Re Australian Education Union (AEU Case)
- Earlier, R v Coldham had expanded the meaning of ‘industry’ in s 51(xxxv)
- Consequently, the non-trading activities of many State government departments came under the meaning of industry.
- A dispute arose when the Victorian government offered redundancy packages to some school teachers and health worker.
- The union sought to bring the dispute under a federal award.
- Mason CJ, Brennan, Deane, Toohey, Gaudron, and McHugh JJ:
- Existence of States and capacity to function are not to be impaired by federal awards covering a vast majority of employees if the awards were confined to fixing minimum wages and working conditions which take account of their functions and responsibilities.
- There is no distinction between governmental functions and trading functions of government.
- An award should not affect the integrity or autonomy of a State.

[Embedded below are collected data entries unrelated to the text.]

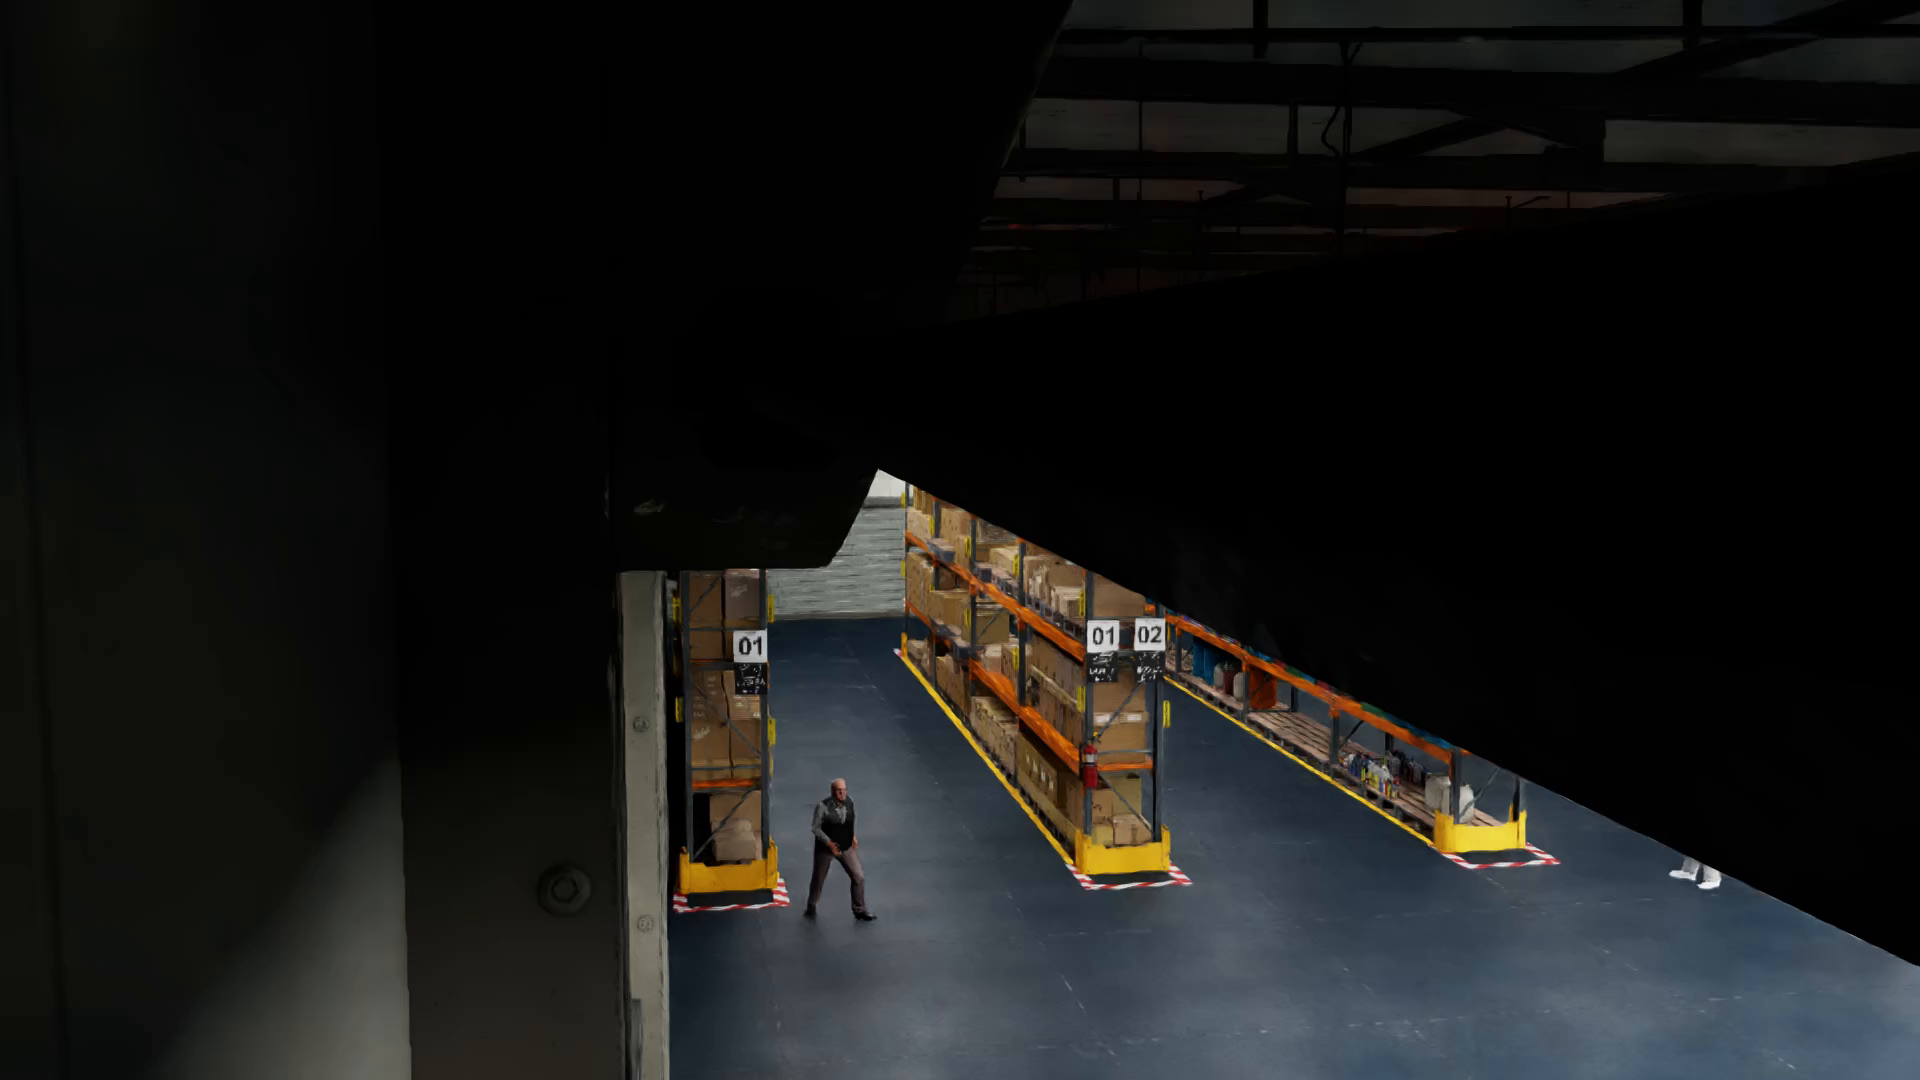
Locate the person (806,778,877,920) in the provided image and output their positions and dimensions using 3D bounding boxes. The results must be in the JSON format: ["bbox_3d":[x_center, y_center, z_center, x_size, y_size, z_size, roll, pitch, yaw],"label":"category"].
[{"bbox_3d":[-1.423,3.521,19.083,0.687,1.658,0.832,-3,7,-28],"label":"person"}]

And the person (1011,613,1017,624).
[{"bbox_3d":[1.445,1.188,41.233,0.611,1.756,0.578,3,7,26],"label":"person"}]

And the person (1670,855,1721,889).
[{"bbox_3d":[9.030,3.376,20.349,0.569,1.668,0.563,2,6,22],"label":"person"}]
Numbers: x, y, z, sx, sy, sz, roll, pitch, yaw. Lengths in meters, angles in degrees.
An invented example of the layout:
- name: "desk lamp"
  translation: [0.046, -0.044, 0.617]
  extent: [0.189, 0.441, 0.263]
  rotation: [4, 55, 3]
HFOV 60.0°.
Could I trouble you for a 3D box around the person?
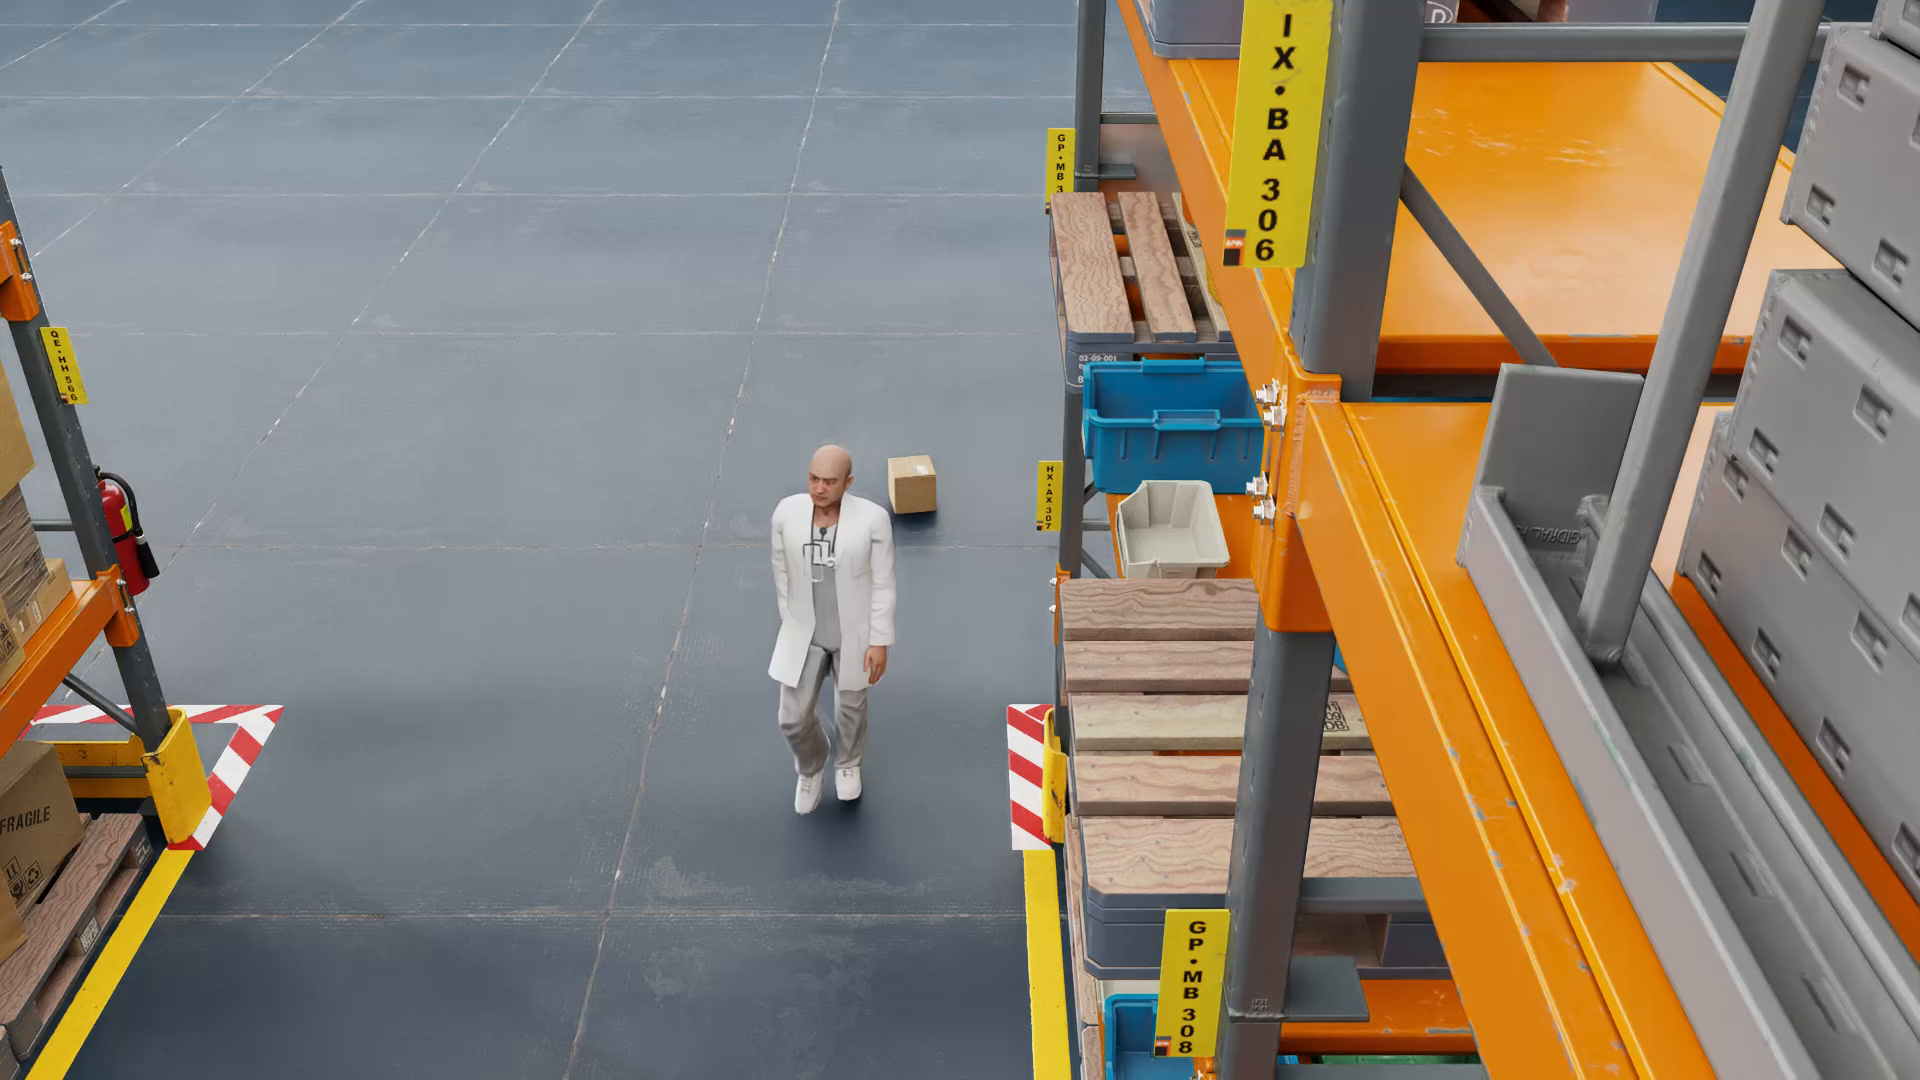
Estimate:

- Two categories of employees:
- (a) non-high level officers; and
- (b) high level officers.
- With respect to (a) category, the following are critical to the capacity of a State to function:
- Determining the number and identity of person to hire (how many to hire and who to hire);
- Determining periods of appointment (part-time ,full-time, for a limited period, until retirement etc)
- Determining the number and identity of person to terminate with or without notice on grounds of redundancy (how many to terminate, who to terminate) (p 232)
- A Commonwealth law that interferes with the above will be unconstitutional.
- Category (b) includes ministers, ministerial assistance and advisers, heads of departments and high level statutory office holders, parliamentary officers and judges.
- With respect to category (b), the following are critical to a State’s capacity to function:
- All the powers mentioned with respect to category (a)
- Powers to determine terms and conditions.
- The Court stated:
- There may be a question, in some areas of employment, whether an award regulating promotion and transfer would amount to an infringement.
- The answer would turn on matters of degree, including the character and responsibilities of the employee (para 392)
NSW v Commonwealth (Work Choices Case)
- s 117 of the Act empowered the Full Bench of the AIRC to restrain a State industrial tribunal from dealing with a matter pending before the Federal AIRC.
- A State award given contrary to a restraining order is void.
- Similar provisions existed in IR law, unchallenged since 1904.
- Plaintiffs argued that this affects the capacity of the State to ‘function as a government’ and to ‘exercise constitutional functions’.
- Gleeson CJ, Gummow, Hayne, Heydon, and Crennan JJ:
- Interference which s 117 permits is relatively minor.
- The interest of a State in having a ‘State industrial authority’ determine a matter is not so vital to the functioning of the State that it affects the capacity of the State to ‘function as a government’ or to ‘exercise constitutional functions’. (para 392)
Clarke v Commissioner of Taxation
- Clarke was a member of the SA lower house from 1993 to 2002.
- He was entitled to superannuation under the Parliamentary Superannuation Act 1948 (SA) and other State schemes.
- He was asked to pay superannuation surcharge tax chargeable under federal law.
- Held unanimously: Cth Act was invalid insofaras the surcharge applied to the superannuation benefits of state legislators.
- Joint judgment [62]:
- State legislators are within that class of persons ‘at the higher levels of government’
- They are critical to the State’s capacity to function as a government
- Hence the State needs to retain the ability to fix the terms and conditions under which they serve.
- French CJ listed 6 matters relevant to the question whether a Commonwealth law fails for unconstitutionally burdening States [34]
- (1) Whether the law in question singles out one or more of the States and imposes a special burden or disability on them which is not imposed on persons generally;
- (2) Whether the operation of a law of general application imposes a particular burden or disability on the States;
- (3) The effect of the law upon the capacity of the States to exercise their constitutional powers.
- (4) The effect of the law upon the exercise of their functions by the States.
- (5) The nature of the capacity of functions affected.
- (6) The extent to which the constitutional head of power under which the law is made authorises its discriminatory application.